# DirecTV's database of email accounts compromised



## invaderzog (Apr 12, 2012)

I saw that there was a closed thread about this.

I can't post the link because I am new, but the thread ID is: 200922

I want to report the same thing. I am also an IT professional who creates unique email addresses on my mail server for various businesses. I stopped being a DirecTV customer years ago and the mailbox didn't get any activity until February. Since then, I have gotten a significant number of virus emails sent to that address.

It seems highly likely that this represents a breach in DirecTV's security.

I'm not sure who or how to report this to DirecTV. Customer Service Agents were (understandably) unable to route my call to corporate IT/security.


----------



## wahooq (Oct 19, 2011)

Dude...seriously? that was like 4 months ago and nothing ever became of it


----------



## invaderzog (Apr 12, 2012)

When you say, "nothing ever came of it", do you mean that attempts were made to contact DirecTV and they ignored it?
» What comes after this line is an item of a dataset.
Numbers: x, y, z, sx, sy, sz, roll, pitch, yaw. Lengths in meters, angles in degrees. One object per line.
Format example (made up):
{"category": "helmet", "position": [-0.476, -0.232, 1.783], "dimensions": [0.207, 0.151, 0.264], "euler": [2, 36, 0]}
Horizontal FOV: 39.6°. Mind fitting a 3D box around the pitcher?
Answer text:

I sent an email to their Fraud Division requesting that the email be forwarded to their IT Security group, but I'm mostly expecting to be ignored.
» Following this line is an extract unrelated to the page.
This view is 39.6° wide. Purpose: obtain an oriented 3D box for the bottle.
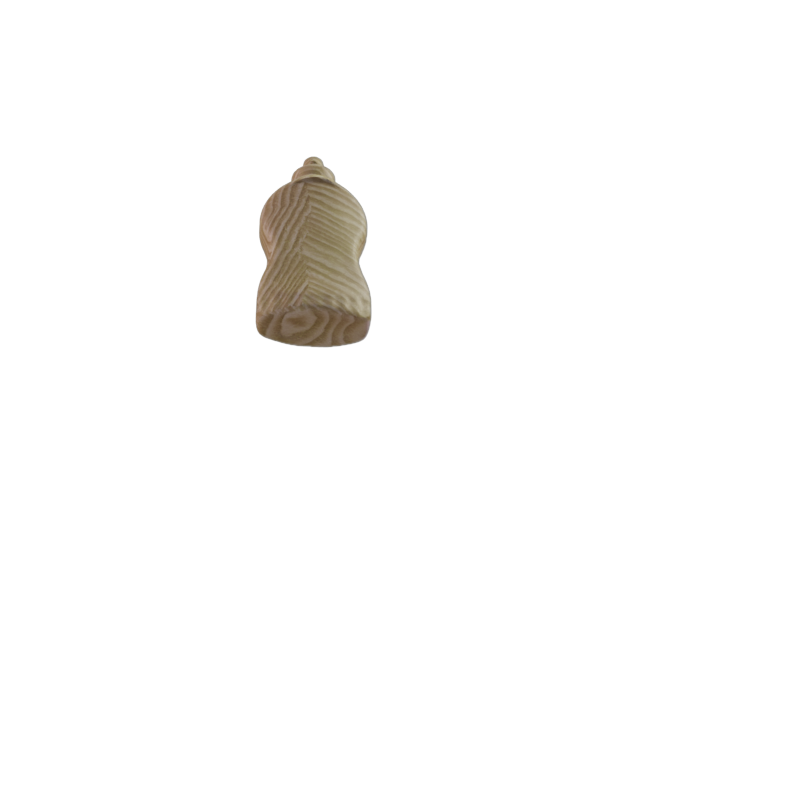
[{"bbox_3d":[-0.076,-0.140,0.975,0.095,0.205,0.055,1,-37,-5],"label":"bottle"}]

If that's the case, then perhaps it might be time to see if anyone in the media cares.


----------



## dpeters11 (May 30, 2007)

I haven't looked at that thread sine it's closure, but i do remember it. You can certainly try it, but I doubt it. Spam is too mundane and too many other possibilities other than their address list being hacked.

I don't even try to fight spam anymore. If it goes in the spam filter fine. If not, I mark as spam and move on.


----------



## invaderzog (Apr 12, 2012)

dpeters11 said:


> I haven't looked at that thread sine it's closure, but i do remember it. You can certainly try it, but I doubt it. Spam is too mundane and too many other possibilities other than their address list being hacked.
> 
> I don't even try to fight spam anymore. If it goes in the spam filter fine. If not, I mark as spam and move on.


Spam may be mundane, but having your customer database compromised is not. I don't care much about the spam. It is a unique email address and I just shut it off. My personal problem is solved.

Given that we have multiple reports of people who have issued a UNIQUE email address to DirecTV and found that they started to getting non-DirecTV emails there within the last few months (and never before), I think that this is strong evidence.

The simplest explanation is that someone got into the DirecTV.com account database and distributed it earlier this year. I'd challenge anyone to come up with a reasonable alternate explanation for the evidence


----------



## Drew2k (Aug 16, 2006)

I'm sorry you are seeing viruses, but that's not proof that DIRECTV's database was compromised.


----------



## invaderzog (Apr 12, 2012)

Did you miss the part where I created a UNIQUE email address that was only ever given to DirecTV. I never received anything that wasn't from DirecTV until earlier this year. Someone else reported the same thing. Explain that


----------



## Drew2k (Aug 16, 2006)

Didn't miss it. It's still not proof that DIRECTV's database was compromised. It's a very very serious charge but it's not substantiated.


----------



## spartanstew (Nov 16, 2005)

invaderzog said:


> Did you miss the part where I created a UNIQUE email address that was only ever given to DirecTV. I never received anything that wasn't from DirecTV until earlier this year. Someone else reported the same thing. Explain that


I created Email addresses for my sons several years ago, so they would have them when they got older (with their name in them).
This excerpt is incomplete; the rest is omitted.